Would you please restate the data exactly as it stands, apart from the pictures?
[Data for analysis — start]
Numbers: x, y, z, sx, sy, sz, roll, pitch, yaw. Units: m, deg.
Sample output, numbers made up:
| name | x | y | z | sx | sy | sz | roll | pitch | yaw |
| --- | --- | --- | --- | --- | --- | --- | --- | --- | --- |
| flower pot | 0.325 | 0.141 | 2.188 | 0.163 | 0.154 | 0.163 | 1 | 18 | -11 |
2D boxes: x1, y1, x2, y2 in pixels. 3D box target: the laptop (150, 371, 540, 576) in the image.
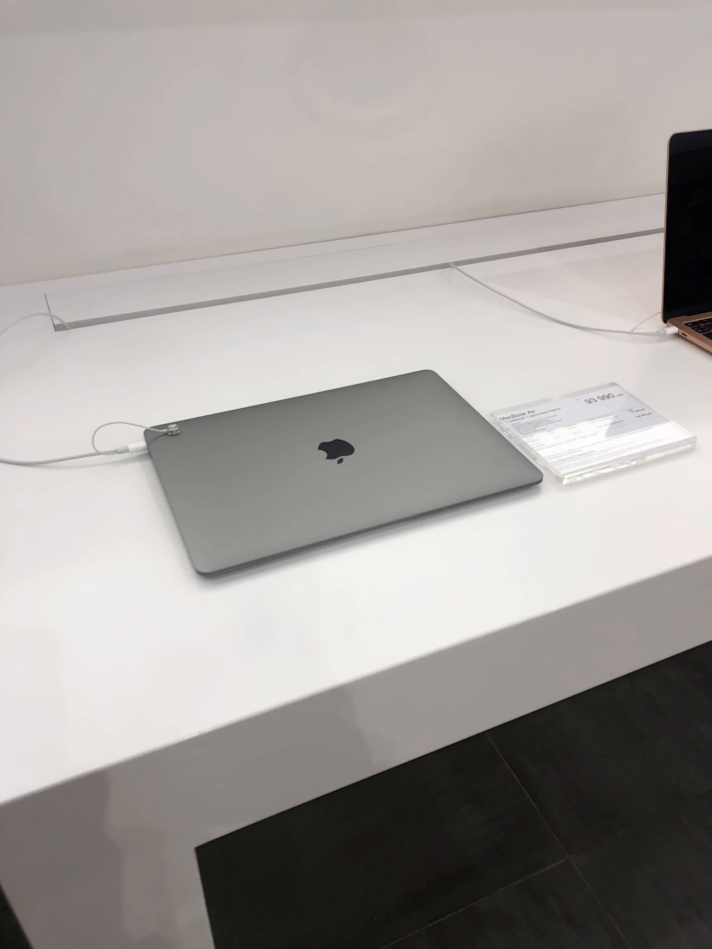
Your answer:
| name | x | y | z | sx | sy | sz | roll | pitch | yaw |
| --- | --- | --- | --- | --- | --- | --- | --- | --- | --- |
| laptop | -0.017 | -0.017 | 0.699 | 0.292 | 0.006 | 0.205 | -14 | 39 | -19 |
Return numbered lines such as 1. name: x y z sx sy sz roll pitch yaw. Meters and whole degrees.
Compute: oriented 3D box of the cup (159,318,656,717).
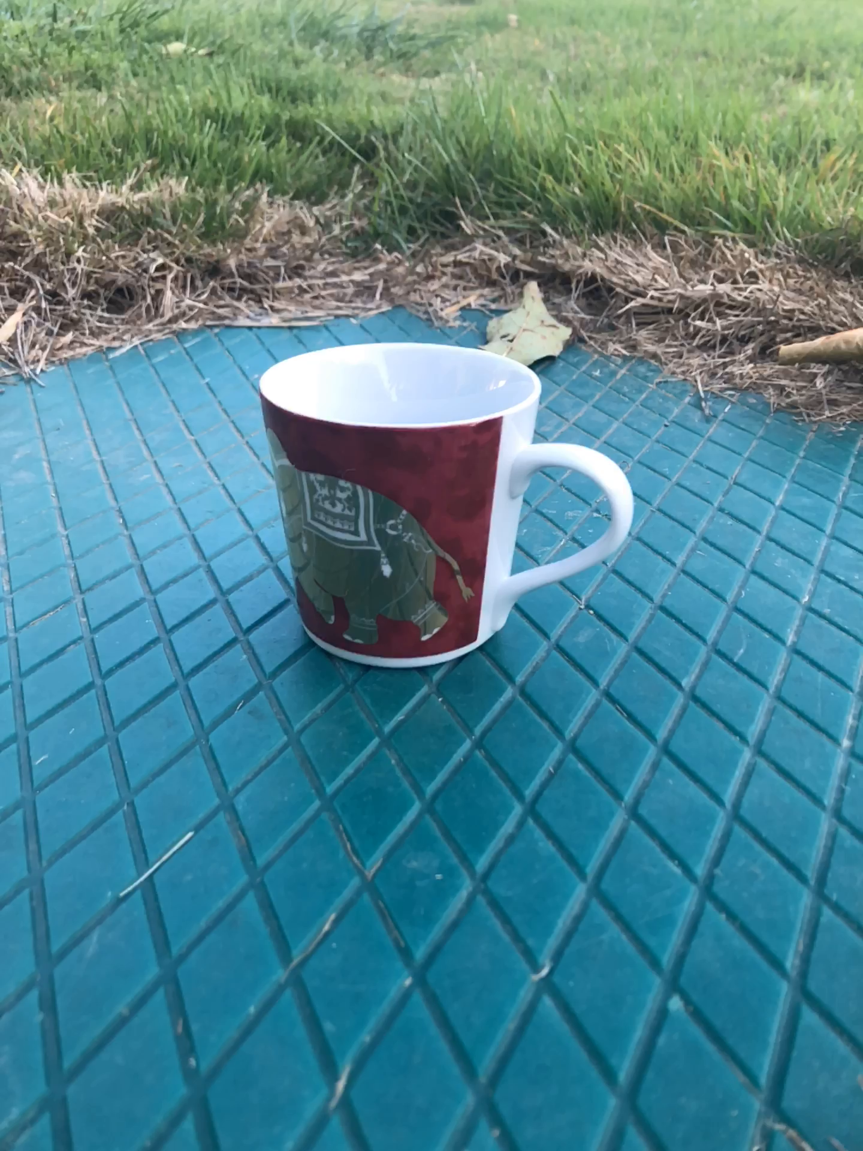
1. cup: -0.003 -0.025 0.275 0.110 0.070 0.082 13 31 23
[Data for analysis — finish]
## Output of the task
Numbers: x, y, z, sx, sy, sz, roll, pitch, yaw. Units: m, deg.
Sample output, numbers made up:
| name | x | y | z | sx | sy | sz | roll | pitch | yaw |
| --- | --- | --- | --- | --- | --- | --- | --- | --- | --- |
| flower pot | 0.325 | 0.141 | 2.188 | 0.163 | 0.154 | 0.163 | 1 | 18 | -11 |
2D boxes: x1, y1, x2, y2 in pixels. 3D box target: the laptop (150, 371, 540, 576) in the image.
Your answer:
| name | x | y | z | sx | sy | sz | roll | pitch | yaw |
| --- | --- | --- | --- | --- | --- | --- | --- | --- | --- |
| laptop | -0.017 | -0.017 | 0.699 | 0.292 | 0.006 | 0.205 | -14 | 39 | -19 |
Return numbered lines such as 1. name: x y z sx sy sz roll pitch yaw. Meters and whole degrees.
Compute: oriented 3D box of the cup (159,318,656,717).
1. cup: -0.003 -0.025 0.275 0.110 0.070 0.082 13 31 23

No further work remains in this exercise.